Records excerpted from a collection

=-=-=

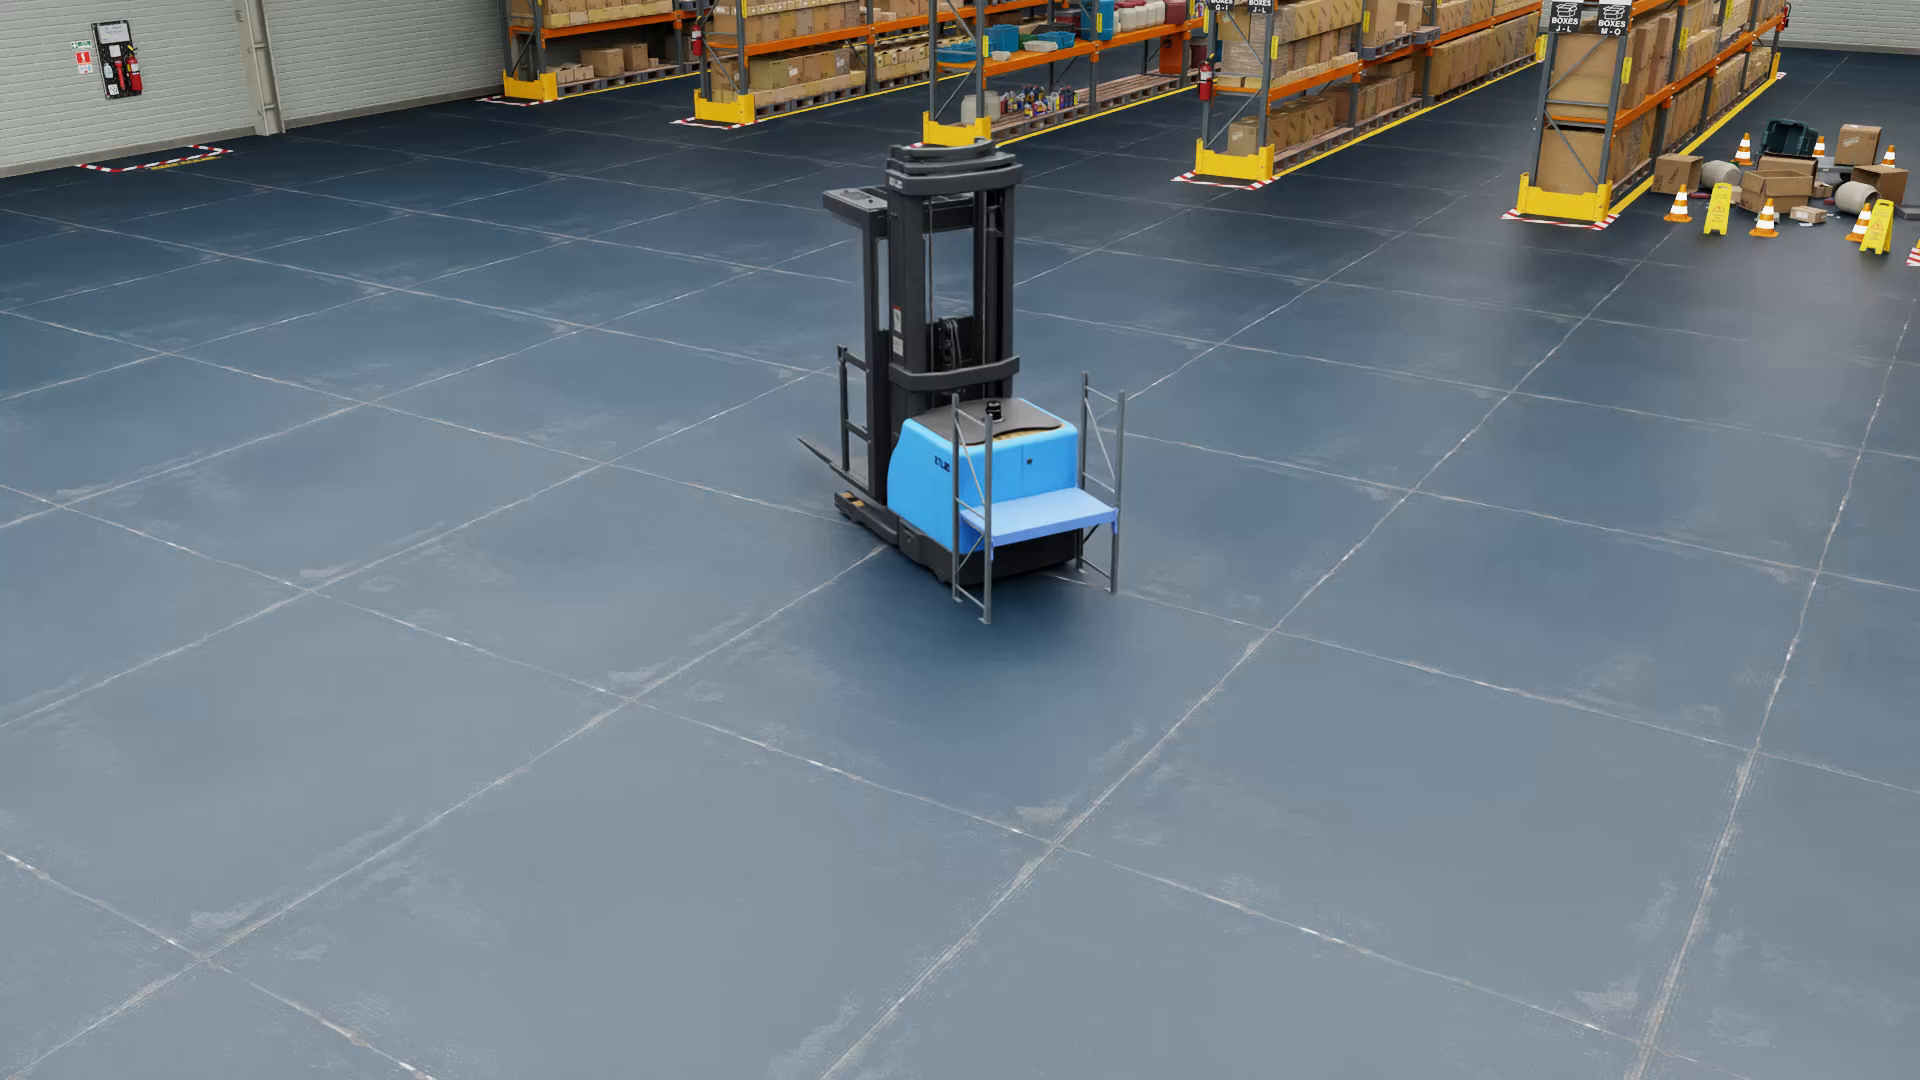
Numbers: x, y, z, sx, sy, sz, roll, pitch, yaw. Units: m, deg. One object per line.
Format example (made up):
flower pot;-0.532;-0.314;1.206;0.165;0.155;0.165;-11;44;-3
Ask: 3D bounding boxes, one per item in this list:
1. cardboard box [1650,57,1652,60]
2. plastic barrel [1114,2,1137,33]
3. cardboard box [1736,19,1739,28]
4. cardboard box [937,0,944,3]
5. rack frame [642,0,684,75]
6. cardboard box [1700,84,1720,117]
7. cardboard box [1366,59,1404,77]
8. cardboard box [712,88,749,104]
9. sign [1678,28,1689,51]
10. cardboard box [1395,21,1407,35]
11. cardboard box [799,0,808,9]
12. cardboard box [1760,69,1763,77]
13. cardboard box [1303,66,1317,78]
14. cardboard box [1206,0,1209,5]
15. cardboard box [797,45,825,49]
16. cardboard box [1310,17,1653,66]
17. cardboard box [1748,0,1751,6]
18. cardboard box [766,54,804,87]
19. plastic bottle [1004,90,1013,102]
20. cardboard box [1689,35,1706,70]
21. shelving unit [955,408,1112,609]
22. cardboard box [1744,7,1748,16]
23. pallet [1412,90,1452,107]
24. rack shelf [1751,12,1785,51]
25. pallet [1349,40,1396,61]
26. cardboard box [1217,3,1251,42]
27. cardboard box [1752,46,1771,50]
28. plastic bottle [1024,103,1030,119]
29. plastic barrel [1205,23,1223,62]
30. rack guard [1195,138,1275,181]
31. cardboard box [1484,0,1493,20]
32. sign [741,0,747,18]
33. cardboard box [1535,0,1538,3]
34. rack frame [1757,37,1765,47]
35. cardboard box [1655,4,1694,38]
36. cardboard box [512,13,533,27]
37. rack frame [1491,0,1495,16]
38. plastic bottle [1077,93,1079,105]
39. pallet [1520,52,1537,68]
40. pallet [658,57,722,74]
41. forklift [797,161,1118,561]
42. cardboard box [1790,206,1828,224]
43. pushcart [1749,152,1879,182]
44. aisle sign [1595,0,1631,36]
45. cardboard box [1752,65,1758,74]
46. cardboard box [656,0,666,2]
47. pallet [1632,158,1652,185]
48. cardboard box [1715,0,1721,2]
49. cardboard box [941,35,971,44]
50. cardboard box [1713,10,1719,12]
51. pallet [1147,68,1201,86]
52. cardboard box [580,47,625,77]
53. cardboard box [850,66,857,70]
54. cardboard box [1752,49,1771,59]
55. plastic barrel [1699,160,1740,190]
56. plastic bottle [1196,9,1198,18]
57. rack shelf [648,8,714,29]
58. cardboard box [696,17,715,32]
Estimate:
cardboard box;9.584;-6.819;24.372;0.875;0.550;0.550;14;27;29
plastic barrel;3.134;-9.923;31.561;0.433;0.535;0.433;0;23;0
cardboard box;14.059;-9.476;30.486;0.380;0.149;0.250;13;26;27
cardboard box;-0.676;-11.423;35.310;0.500;0.311;0.500;14;27;28
rack frame;-6.361;-11.412;35.172;1.000;3.000;0.127;14;27;29
cardboard box;13.124;-7.806;29.459;0.500;0.500;0.500;13;26;27
cardboard box;7.775;-8.634;30.402;0.500;0.250;0.500;17;29;35
cardboard box;-4.228;-8.199;30.683;0.500;0.250;0.500;14;27;29
sign;10.897;-7.543;25.044;0.100;0.325;0.005;14;27;29
cardboard box;7.724;-9.160;29.610;0.396;0.266;0.258;13;27;27
cardboard box;-3.059;-9.975;30.910;0.380;0.149;0.250;14;27;29
cardboard box;16.191;-9.574;33.984;0.380;0.149;0.250;13;26;27
cardboard box;5.638;-7.769;27.073;1.016;0.149;2.250;14;27;29
cardboard box;5.349;-11.559;35.666;0.154;0.276;0.136;14;27;30
cardboard box;-2.918;-9.389;32.487;0.500;0.500;0.500;14;27;29
cardboard box;7.448;-7.353;24.927;5.341;1.090;0.506;14;27;29
cardboard box;14.598;-10.099;31.177;0.380;0.149;0.250;15;28;31
cardboard box;-3.074;-9.484;31.462;0.839;1.489;1.800;14;27;29
plastic bottle;0.856;-7.867;29.763;0.144;0.351;0.185;15;28;31
cardboard box;11.730;-7.902;26.937;0.500;0.500;0.500;14;27;30
shelving unit;0.509;-0.290;11.367;0.991;1.308;0.475;-12;26;-26
cardboard box;14.464;-9.874;31.032;0.380;0.149;0.250;14;27;29
pallet;8.854;-8.619;32.230;1.003;0.211;1.213;14;27;29
rack shelf;17.750;-9.764;32.270;5.904;0.370;4.000;14;27;29
pallet;6.791;-8.438;28.542;1.003;0.211;1.213;14;27;29
cardboard box;4.234;-7.827;25.131;0.500;0.500;0.500;14;27;29
cardboard box;16.690;-10.201;34.684;0.383;0.149;0.254;14;27;29
plastic bottle;1.167;-7.483;28.975;0.097;0.271;0.097;0;23;0
plastic barrel;5.601;-10.847;35.979;0.600;0.901;0.708;14;27;29
rack guard;4.194;-5.827;25.416;1.175;0.500;0.348;14;27;29
cardboard box;10.469;-10.829;33.699;0.500;0.500;0.500;14;27;29
sign;-3.792;-9.341;29.198;0.100;0.325;0.005;14;27;29
cardboard box;12.550;-11.956;36.744;0.380;0.149;0.250;14;27;29
rack frame;16.751;-11.276;34.856;0.949;2.616;0.053;14;27;29
cardboard box;11.218;-8.243;26.466;0.700;0.500;0.500;14;27;29
cardboard box;-8.389;-10.201;32.538;0.500;0.250;0.500;14;27;30
rack frame;10.484;-10.998;34.216;1.000;3.000;0.127;14;27;29
plastic bottle;2.129;-8.066;30.411;0.097;0.201;0.097;0;23;0
pallet;12.239;-10.782;37.227;1.003;0.211;1.213;14;27;29
pallet;-5.951;-10.396;36.334;1.003;0.211;1.213;14;27;29
forklift;0.407;-4.975;19.548;10.237;3.598;16.863;-13;27;-28
cardboard box;11.548;-4.429;22.629;0.250;0.149;0.380;-12;26;-26
pushcart;12.720;-5.479;24.767;1.648;0.377;0.936;5;24;11
aisle sign;8.532;-6.981;21.663;0.394;0.787;0.004;14;27;29
cardboard box;15.759;-9.445;33.314;0.380;0.149;0.250;14;27;29
cardboard box;-6.347;-11.473;34.531;0.500;0.500;0.500;14;27;29
pallet;9.957;-5.705;25.498;1.003;0.211;1.213;14;27;29
cardboard box;14.659;-10.330;32.171;0.500;0.500;0.500;14;27;29
cardboard box;-0.107;-10.685;35.720;0.500;0.311;0.500;15;27;30
cardboard box;13.082;-9.132;28.943;0.380;0.149;0.250;13;27;28
pallet;8.468;-9.659;31.107;11.139;3.011;2.669;14;27;29
cardboard box;5.090;-9.766;30.746;25.317;3.056;7.019;12;26;26
cardboard box;-2.178;-9.507;33.704;0.500;0.250;0.500;14;27;28
cardboard box;16.480;-10.014;34.252;0.380;0.149;0.250;13;27;28
plastic barrel;11.129;-5.338;24.384;0.421;0.421;0.512;-7;24;-17
plastic bottle;4.805;-10.740;33.868;0.097;0.201;0.097;0;23;0
rack shelf;-5.306;-11.757;36.874;1.077;0.370;4.000;14;27;29
cardboard box;-5.486;-11.389;36.767;0.500;0.250;0.500;13;27;27
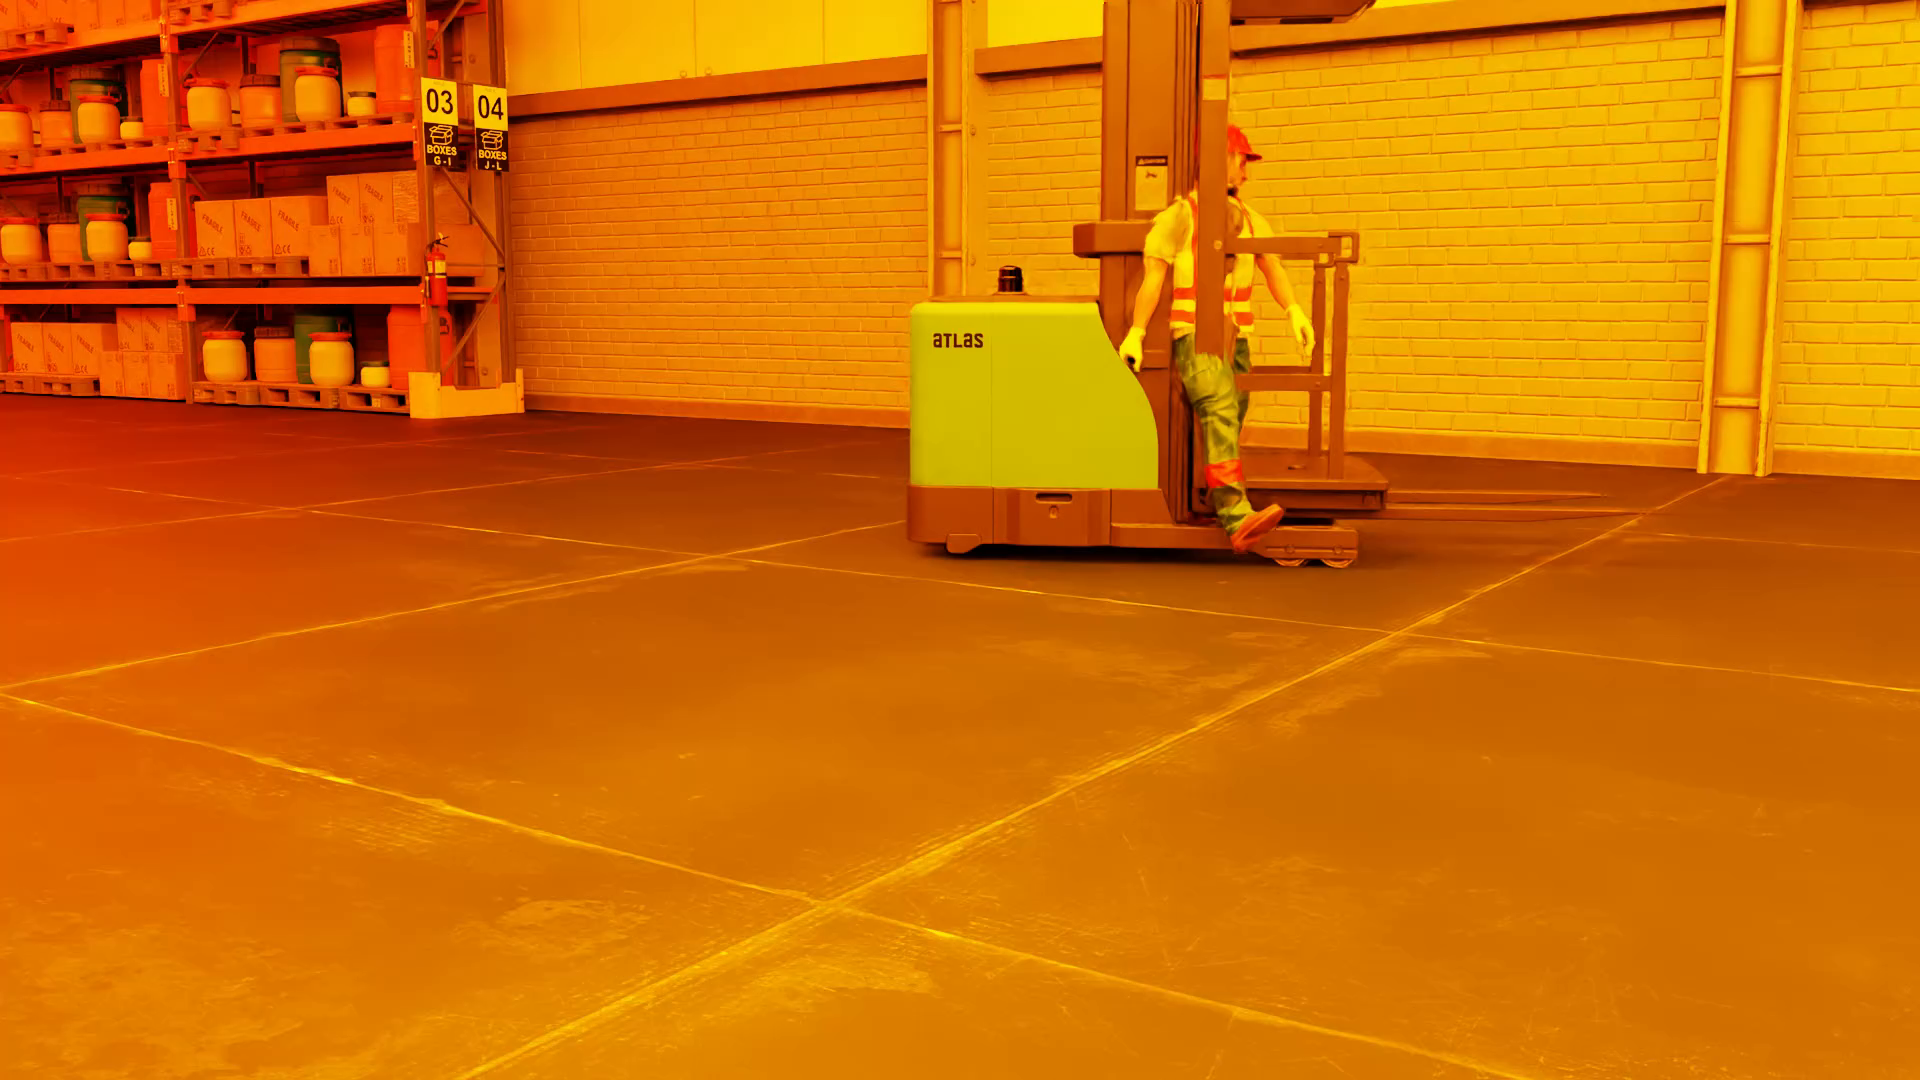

=-=-=

» REQUIRED ACTION: Copy out the range of lines above starting at the line with "44. aisle sign [1595,0,1631,36]" and ending at the line with "58. cardboard box [696,17,715,32]", exactly and including both.

» OUTPUT FOR THIS TASK:
44. aisle sign [1595,0,1631,36]
45. cardboard box [1752,65,1758,74]
46. cardboard box [656,0,666,2]
47. pallet [1632,158,1652,185]
48. cardboard box [1715,0,1721,2]
49. cardboard box [941,35,971,44]
50. cardboard box [1713,10,1719,12]
51. pallet [1147,68,1201,86]
52. cardboard box [580,47,625,77]
53. cardboard box [850,66,857,70]
54. cardboard box [1752,49,1771,59]
55. plastic barrel [1699,160,1740,190]
56. plastic bottle [1196,9,1198,18]
57. rack shelf [648,8,714,29]
58. cardboard box [696,17,715,32]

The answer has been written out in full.